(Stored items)
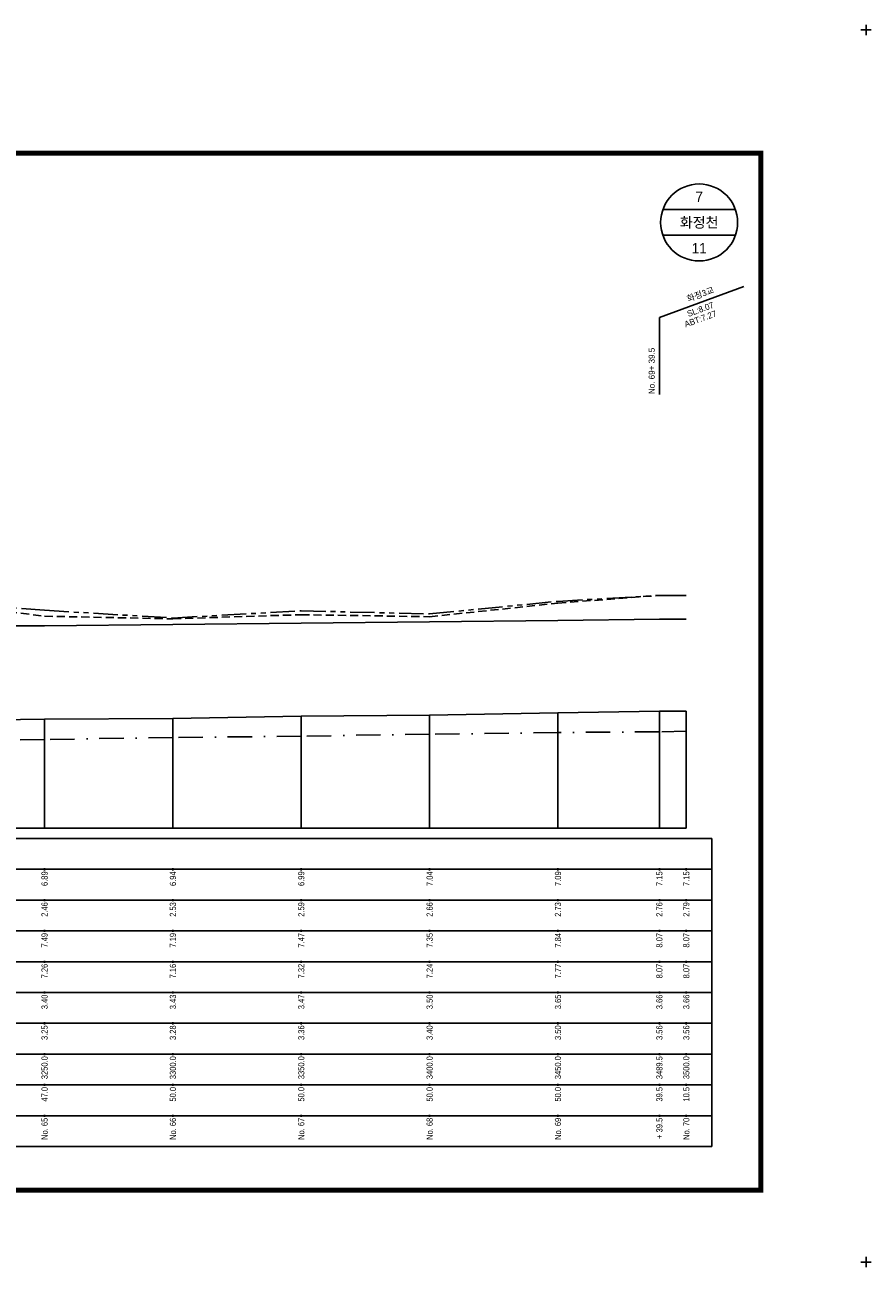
# Model space of a CAD drawing. Header units: metres. Extents: x -2 to 1691, y -14 to 5352.
# Tile 14 of 23: x 332 to 662, y 2866 to 3350. Entities that reach past the tile are written whole.
import ezdxf
from ezdxf.enums import TextEntityAlignment as Align

# ---------------------------------------------------------------- set-up
doc = ezdxf.new("R2010")
doc.units = ezdxf.units.M
doc.header["$LTSCALE"] = 5
for name, pattern in [('CENTER', [50.8, 31.75, -6.35, 6.35, -6.35]), ('DASHDOT2', [12.7, 6.35, -3.175, 0, -3.175]), ('DASHED', [19.05, 12.7, -6.35]), ('PHANTOMX2', [127, 63.5, -12.7, 12.7, -12.7, 12.7, -12.7])]:
    doc.linetypes.add(name, pattern=pattern)
for name, color, linetype in [('BOX', 6, 'CONTINUOUS'), ('DT1', 3, 'CONTINUOUS'), ('DT2', 6, 'CONTINUOUS'), ('LT1', 4, 'CONTINUOUS'), ('ST1', 7, 'CONTINUOUS'), ('계획하상', 6, 'CONTINUOUS'), ('계획홍수위', 6, 'CONTINUOUS'), ('우안제방고', 3, 'CONTINUOUS'), ('좌안제방고', 2, 'CONTINUOUS')]:
    doc.layers.add(name, color=color, linetype=linetype)
doc.styles.get("Standard").update_dxf_attribs({"font": 'Gulim.ttf', "width": 0.8})

msp = doc.modelspace()

# ---------------------------------------------------------------- linework, layer by layer
at = {"layer": 'BOX', "color": 6, "linetype": 'Continuous', "const_width": 2}
msp.add_lwpolyline([(41, 2896), (619, 2896), (619, 3300), (41, 3300)], close=True, dxfattribs=at)
at = {"layer": 'LT1', "linetype": 'Continuous'}
for p, q in [((579.5, 3236.03), (612.39, 3248)), ((579.5, 3206.03), (579.5, 3236.03)), ((340, 3037), (340, 3079.5)), ((390, 3037), (390, 3079.8)), ((440, 3037), (440, 3080.6)), ((490, 3037), (490, 3081)), ((540, 3037), (540, 3082)), ((579.5, 3037), (579.5, 3082.6)), ((590, 3037), (590, 3082.6)), ((90, 3037), (590, 3037)), ((340, 3020.6), (340, 3021.4)), ((390, 3020.6), (390, 3021.4)), ((440, 3020.6), (440, 3021.4)), ((490, 3020.6), (490, 3021.4)), ((540, 3020.6), (540, 3021.4)), ((579.5, 3020.6), (579.5, 3021.4)), ((590, 3020.6), (590, 3021.4)), ((340, 3008.6), (340, 3009.4)), ((390, 3008.6), (390, 3009.4)), ((440, 3008.6), (440, 3009.4)), ((490, 3008.6), (490, 3009.4)), ((540, 3008.6), (540, 3009.4)), ((579.5, 3008.6), (579.5, 3009.4)), ((590, 3008.6), (590, 3009.4)), ((340, 2996.6), (340, 2997.4)), ((390, 2996.6), (390, 2997.4)), ((440, 2996.6), (440, 2997.4)), ((490, 2996.6), (490, 2997.4)), ((540, 2996.6), (540, 2997.4)), ((579.5, 2996.6), (579.5, 2997.4)), ((590, 2996.6), (590, 2997.4)), ((340, 2984.6), (340, 2985.4)), ((390, 2984.6), (390, 2985.4)), ((440, 2984.6), (440, 2985.4)), ((490, 2984.6), (490, 2985.4)), ((540, 2984.6), (540, 2985.4)), ((579.5, 2984.6), (579.5, 2985.4)), ((590, 2984.6), (590, 2985.4)), ((340, 2972.6), (340, 2973.4)), ((390, 2972.6), (390, 2973.4)), ((440, 2972.6), (440, 2973.4)), ((490, 2972.6), (490, 2973.4)), ((540, 2972.6), (540, 2973.4)), ((579.5, 2972.6), (579.5, 2973.4)), ((590, 2972.6), (590, 2973.4)), ((340, 2960.6), (340, 2961.4)), ((390, 2960.6), (390, 2961.4)), ((440, 2960.6), (440, 2961.4)), ((490, 2960.6), (490, 2961.4)), ((540, 2960.6), (540, 2961.4)), ((579.5, 2960.6), (579.5, 2961.4)), ((590, 2960.6), (590, 2961.4)), ((340, 2948.6), (340, 2949.4)), ((390, 2948.6), (390, 2949.4)), ((440, 2948.6), (440, 2949.4)), ((490, 2948.6), (490, 2949.4)), ((540, 2948.6), (540, 2949.4)), ((579.5, 2948.6), (579.5, 2949.4)), ((590, 2948.6), (590, 2949.4)), ((340, 2936.6), (340, 2937.4)), ((390, 2936.6), (390, 2937.4)), ((440, 2936.6), (440, 2937.4)), ((490, 2936.6), (490, 2937.4)), ((540, 2936.6), (540, 2937.4)), ((579.5, 2936.6), (579.5, 2937.4)), ((590, 2936.6), (590, 2937.4)), ((340, 2924.6), (340, 2925.4)), ((390, 2924.6), (390, 2925.4)), ((440, 2924.6), (440, 2925.4)), ((490, 2924.6), (490, 2925.4)), ((540, 2924.6), (540, 2925.4)), ((579.5, 2924.6), (579.5, 2925.4)), ((590, 2924.6), (590, 2925.4))]:
    msp.add_line(p, q, dxfattribs=at)
msp.add_lwpolyline([(90, 3076.2), (90, 3076.2), (140, 3076.2), (190, 3076.6), (240, 3079.6), (240, 3079.6), (290, 3078.8), (293, 3078.8), (340, 3079.5), (390, 3079.8), (440, 3080.6), (490, 3081), (540, 3082), (579.5, 3082.6), (590, 3082.6)], dxfattribs=at)
at = {"layer": 'ST1', "linetype": 'Continuous'}
for p, q in [((660, 3346), (660, 3350)), ((658, 3348), (662, 3348)), ((609.14, 3278), (580.86, 3278)), ((609.14, 3268), (580.86, 3268)), ((70, 3033), (600, 3033)), ((600, 2913), (600, 3033)), ((70, 3021), (600, 3021)), ((75, 3009), (600, 3009)), ((70, 2997), (600, 2997)), ((75, 2985), (600, 2985)), ((70, 2973), (600, 2973)), ((70, 2961), (600, 2961)), ((70, 2949), (600, 2949)), ((70, 2937), (600, 2937)), ((70, 2925), (600, 2925)), ((70, 2913), (600, 2913)), ((658, 2868), (662, 2868)), ((660, 2866), (660, 2870))]:
    msp.add_line(p, q, dxfattribs=at)
msp.add_circle((595, 3273), 15, dxfattribs=at)
at = {"layer": '계획하상', "linetype": 'DASHDOT2', "ltscale": 0.3}
msp.add_lwpolyline([(590, 3074.86), (579.5, 3074.6), (540, 3074.3), (490, 3073.6), (440, 3072.9), (390, 3072.3), (340, 3071.6), (293, 3070.9), (290, 3070.8), (240, 3070.5), (190, 3070.03), (140, 3069.65), (90, 3069.27)], dxfattribs=at)
at = {"layer": '계획홍수위', "linetype": 'CENTER'}
msp.add_lwpolyline([(590, 3118.5), (579.5, 3118.5), (540, 3117.9), (490, 3117.4), (440, 3116.9), (340, 3115.9), (293, 3115.8), (290, 3115.3), (240, 3114.6), (190, 3114.1), (140, 3113.6), (90, 3113.1)], dxfattribs=at)
at = {"layer": '우안제방고', "linetype": 'PHANTOMX2', "ltscale": 0.03}
msp.add_lwpolyline([(90, 3117.5), (90, 3117.5), (140, 3117.9), (190, 3118.2), (240, 3120.5), (240, 3120.5), (290, 3125.3), (293, 3125.3), (340, 3121.9), (390, 3118.9), (440, 3121.7), (490, 3120.5), (540, 3125.4), (579.5, 3127.7), (590, 3127.7)], dxfattribs=at)
at = {"layer": '좌안제방고', "linetype": 'DASHED', "ltscale": 0.05}
msp.add_lwpolyline([(90, 3117.5), (90, 3117.5), (140, 3117.5), (190, 3118.9), (240, 3121.2), (240, 3121.2), (290, 3125.4), (293, 3125.4), (340, 3119.6), (390, 3118.6), (440, 3120.2), (490, 3119.4), (540, 3124.7), (579.5, 3127.7), (590, 3127.7)], dxfattribs=at)

# ---------------------------------------------------------------- texts
at = {"layer": 'DT1', "linetype": 'Continuous'}
for s, p in [('화정3교', (595.5, 3245.02)), ('ABT:7.27', (595.5, 3235.44)), ('SL:8.07', (595.5, 3239.15))]:
    msp.add_text(s, height=2.4, rotation=20, dxfattribs=at).set_placement(p, align=Align.MIDDLE_CENTER)
msp.add_text('No. 69+ 39.5', height=2.4, rotation=90, dxfattribs=at).set_placement((576.5, 3206.13), align=Align.MIDDLE_LEFT)
at = {"layer": 'DT1', "linetype": 'PHANTOMX2', "width": 0.8}
for s, p in [('6.89', (340, 3020.2)), ('6.94', (390, 3020.2)), ('6.99', (440, 3020.2)), ('7.04', (490, 3020.2)), ('7.09', (540, 3020.2)), ('7.15', (579.5, 3020.2)), ('7.15', (590, 3020.2)), ('  7.49', (340, 2996.2)), ('  7.19', (390, 2996.2)), ('  7.47', (440, 2996.2)), ('  7.35', (490, 2996.2)), ('  7.84', (540, 2996.2)), ('  8.07', (579.5, 2996.2)), ('  8.07', (590, 2996.2))]:
    msp.add_text(s, height=2.4, rotation=90, dxfattribs=at).set_placement(p, align=Align.MIDDLE_RIGHT)
at = {"layer": 'DT1', "color": 2, "linetype": 'PHANTOMX2', "width": 0.8}
for s, p in [('2.46', (340, 3008.2)), ('2.53', (390, 3008.2)), ('2.59', (440, 3008.2)), ('2.66', (490, 3008.2)), ('2.73', (540, 3008.2)), ('2.76', (579.5, 3008.2)), ('2.79', (590, 3008.2))]:
    msp.add_text(s, height=2.4, rotation=90, dxfattribs=at).set_placement(p, align=Align.MIDDLE_RIGHT)
at = {"layer": 'DT1', "linetype": 'CENTER', "width": 0.8}
for s, p in [('  7.26', (340, 2984.2)), ('  7.16', (390, 2984.2)), ('  7.32', (440, 2984.2)), ('  7.24', (490, 2984.2)), ('  7.77', (540, 2984.2)), ('  8.07', (579.5, 2984.2)), ('  8.07', (590, 2984.2))]:
    msp.add_text(s, height=2.4, rotation=90, dxfattribs=at).set_placement(p, align=Align.MIDDLE_RIGHT)
at = {"layer": 'DT1', "linetype": 'DASHED', "width": 0.8}
for s, p in [('  3.40', (340, 2972.2)), ('  3.43', (390, 2972.2)), ('  3.47', (440, 2972.2)), ('  3.50', (490, 2972.2)), ('  3.65', (540, 2972.2)), ('  3.66', (579.5, 2972.2)), ('  3.66', (590, 2972.2))]:
    msp.add_text(s, height=2.4, rotation=90, dxfattribs=at).set_placement(p, align=Align.MIDDLE_RIGHT)
at = {"layer": 'DT1', "linetype": 'Continuous', "width": 0.8}
for s, p in [('  3.25', (340, 2960.2)), ('  3.28', (390, 2960.2)), ('  3.36', (440, 2960.2)), ('  3.40', (490, 2960.2)), ('  3.50', (540, 2960.2)), ('  3.56', (579.5, 2960.2)), ('  3.56', (590, 2960.2)), ('  3250.0', (340, 2948.2)), ('  3300.0', (390, 2948.2)), ('  3350.0', (440, 2948.2)), ('  3400.0', (490, 2948.2)), ('  3450.0', (540, 2948.2)), ('3489.5', (579.5, 2948.2)), ('  3500.0', (590, 2948.2)), ('47.0', (340, 2936.2)), ('  50.0', (390, 2936.2)), ('  50.0', (440, 2936.2)), ('  50.0', (490, 2936.2)), ('  50.0', (540, 2936.2)), ('39.5', (579.5, 2936.2)), ('10.5', (590, 2936.2)), ('No. 65', (340, 2924.2)), ('No. 66', (390, 2924.2)), ('No. 67', (440, 2924.2)), ('No. 68', (490, 2924.2)), ('No. 69', (540, 2924.2)), ('+ 39.5', (579.5, 2924.2)), ('No. 70', (590, 2924.2))]:
    msp.add_text(s, height=2.4, rotation=90, dxfattribs=at).set_placement(p, align=Align.MIDDLE_RIGHT)
at = {"layer": 'DT2', "linetype": 'Continuous'}
for s, p in [('7', (595, 3283)), ('화정천', (595, 3273)), ('11', (595, 3263))]:
    msp.add_text(s, height=4, dxfattribs=at).set_placement(p, align=Align.MIDDLE_CENTER)

doc.saveas('drawing.dxf')

_EXERCISE DESCRIPTION:_ All lines above that contain "pattern" are required in the answer.

_ANSWER SPACE:_
for name, pattern in [('CENTER', [50.8, 31.75, -6.35, 6.35, -6.35]), ('DASHDOT2', [12.7, 6.35, -3.175, 0, -3.175]), ('DASHED', [19.05, 12.7, -6.35]), ('PHANTOMX2', [127, 63.5, -12.7, 12.7, -12.7, 12.7, -12.7])]:
    doc.linetypes.add(name, pattern=pattern)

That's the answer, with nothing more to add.